Housing affordability is about inequality

Increasing the supply of housing is only part of the solution. Demand needs to be shored up. That means changing incentives so that wage earners can compete with investors.

When run down villas in Sandringham are fetching up to a $1 million, the average family can't afford to buy the average house.

 Here are two things that the problem of affordability isn't:

It's not a problem of not enough houses being built in the wops. People want to live where they work and play. 

It's not a problem of urban density. Planners have a habit of solving the problem of where they want families to live, instead of solving the problem of helping families live where they want to live. I've tried to raise a family in an apartment, and let me assure you, the suburban back yard is an easier place to hone youthful football skills.

Building on new land and promoting urban density might assist affordability a bit, but they're not really the core problem: average families are being priced out of the market by people who are buying houses as an investment instead of as a place to live.

Those investors and speculators are paying house prices that the rental yield can't justify. They are driving up prices in anticipation that prices will keep rising. The more people believe prices will keep rising, the more the asset prices will rise, leading more people to believe they will keep on rising. And so on. In a long recession, where interest rates are low because the economy is not growing, asset price bubbles grow faster - yes really; a couple of the stock market's record years were during the Great Depression.

Investors are capitalising tax free future income to bid against people who pay mortgages out of their tax paid income. Wage earners can't possibly win.

If you have a lot of capital wealth then you will be able to pay more today in expectation of your future capital gain than a person who has to borrow most of their deposit. You might leverage 100% of the cost of your fifth house, or even 120%, if you own the first four outright and you think the value will rise 30% in the next couple of years. But good luck getting a bank to lend to you 100% of the purchase price if you don't already own dirt.

A capital gains tax that restrained investment housing would help. It's not enough on its own. 

We need to do more to help people who don't have lots of savings and give them a leg up compared to people who already have their own substantial savings.

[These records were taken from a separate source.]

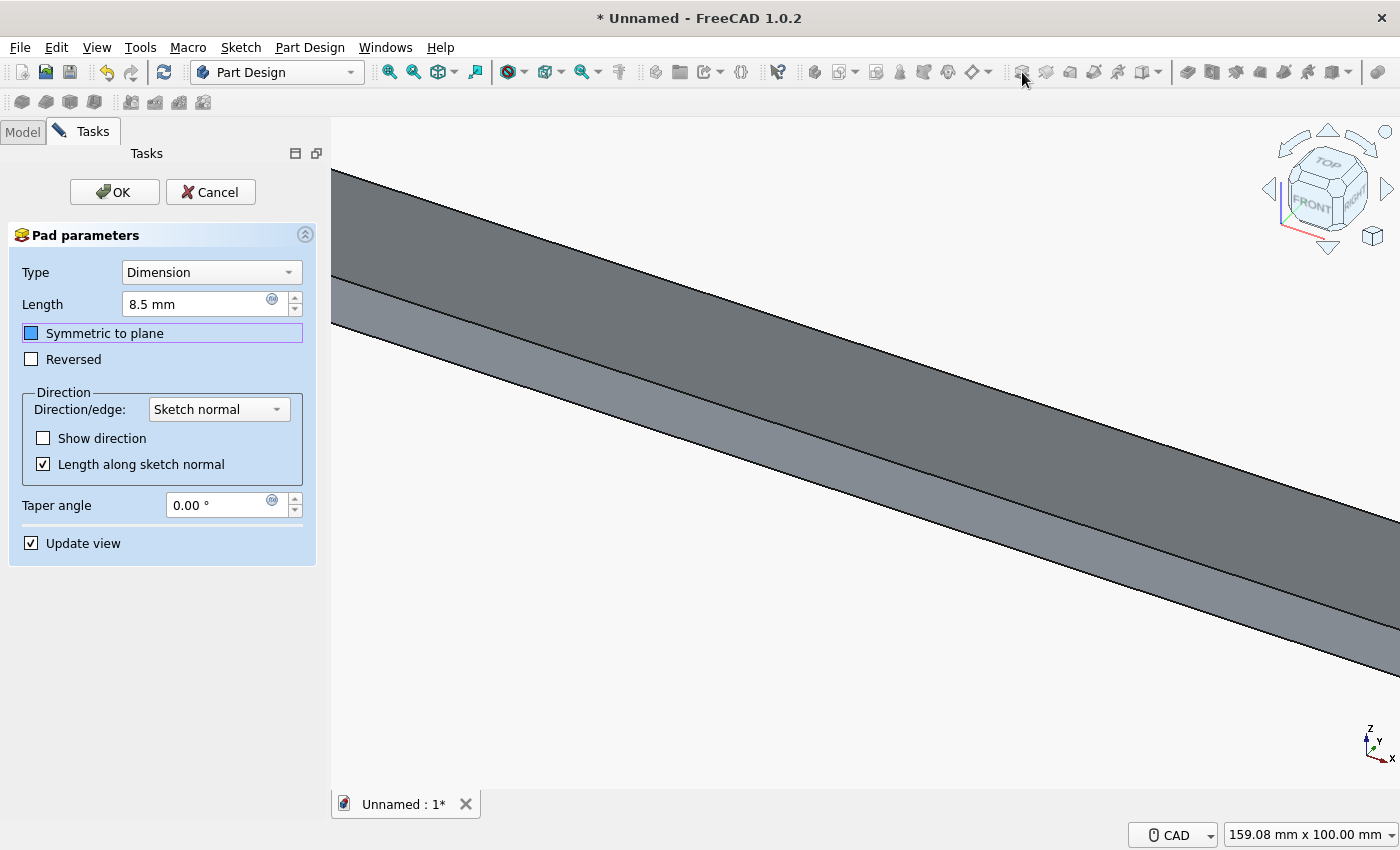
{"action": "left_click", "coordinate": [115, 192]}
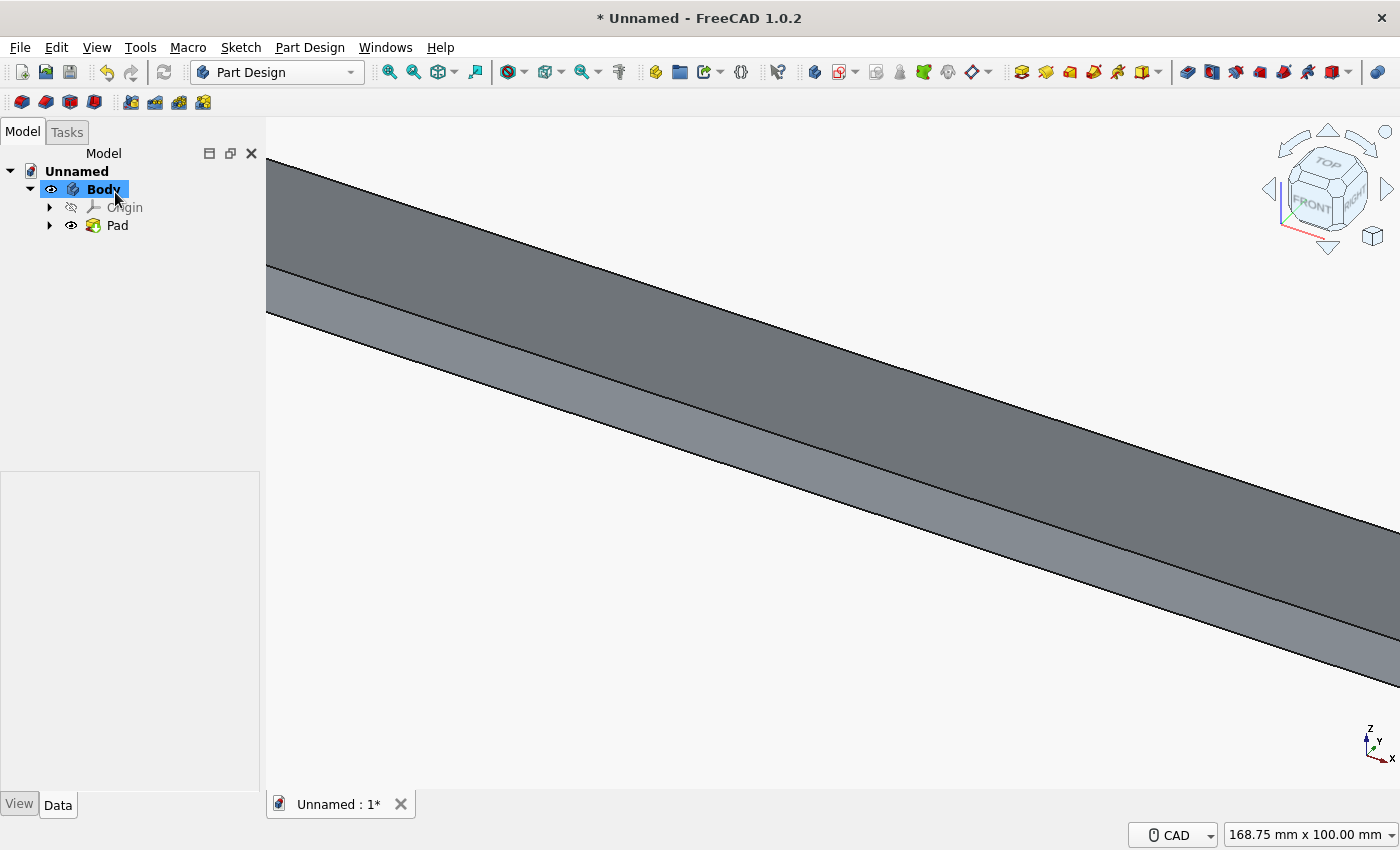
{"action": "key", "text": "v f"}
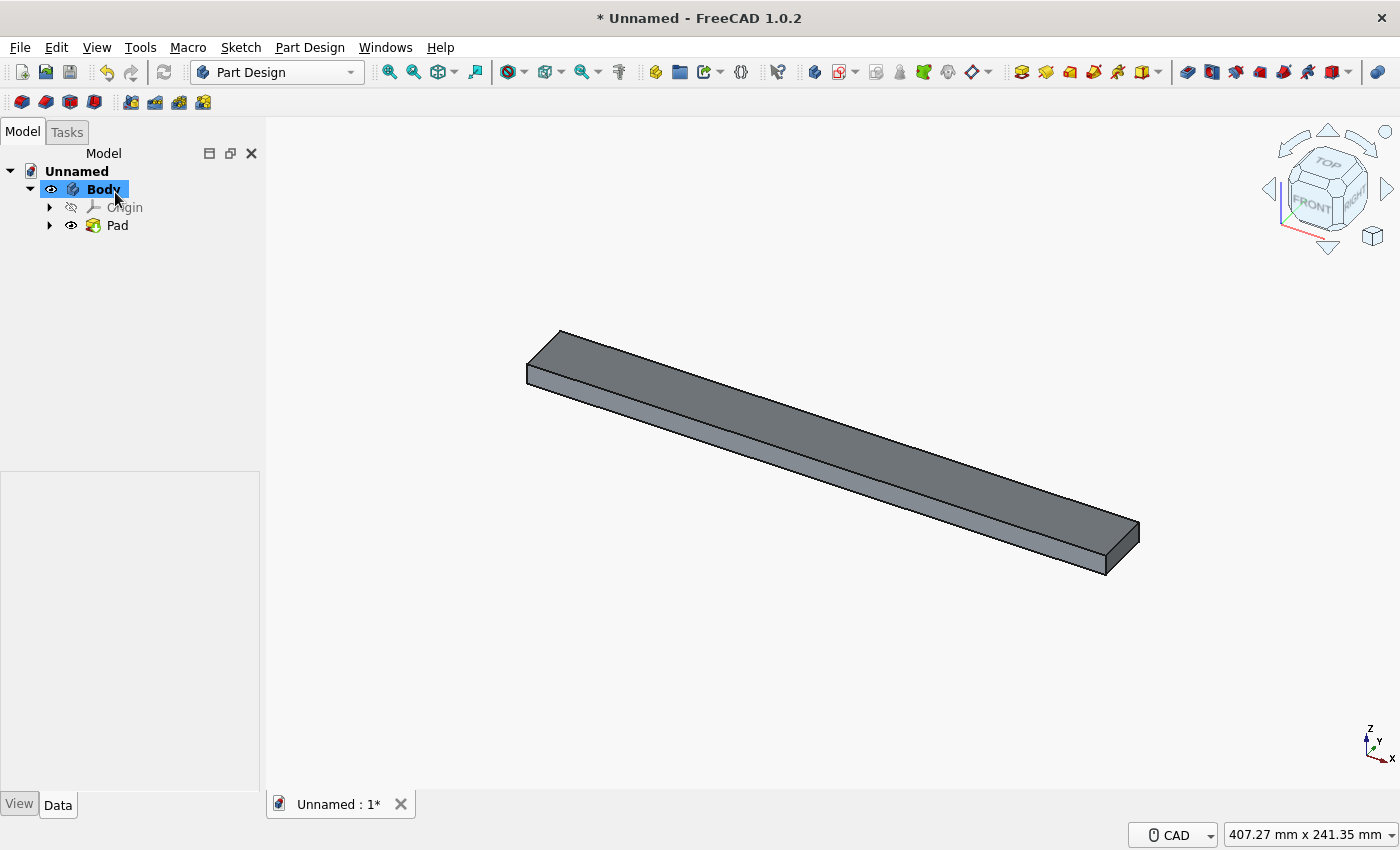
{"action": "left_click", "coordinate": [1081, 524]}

We also need to see a stronger relationship between incomes and the cost of living. This means ordinary incomes need to be high enough to afford ordinary homes - and high enough is a relative term relative not just to house prices today but to the wealth of investors they are bidding against. When a few people own most of the wealth, most people won't be able to afford a house.

For the last five years (actually for nearly thirty years, except for a gap when Michael Cullen was finance minister) the share of national income going to people who earn wages has been falling. Therefore, the cost of buying a home for people who earn wages has been becoming more unaffordable. Unaffordable housing and a low wage economy are the same thing.

If you're for a unequal New Zealand, for massive wealth disparities, and against a capital gains tax, then you are also against helping young families achieve a home of their own. If the idea that the average family can't afford a home of their own makes you uncomfortable, then you need to follow the logic through the tax system and higher wages.

The government's tweaking round the edges of the RMA might speed up building consents, but will do little to make sure those nice new houses are affordable for the families who earn wages if their wages are falling as a share of national income.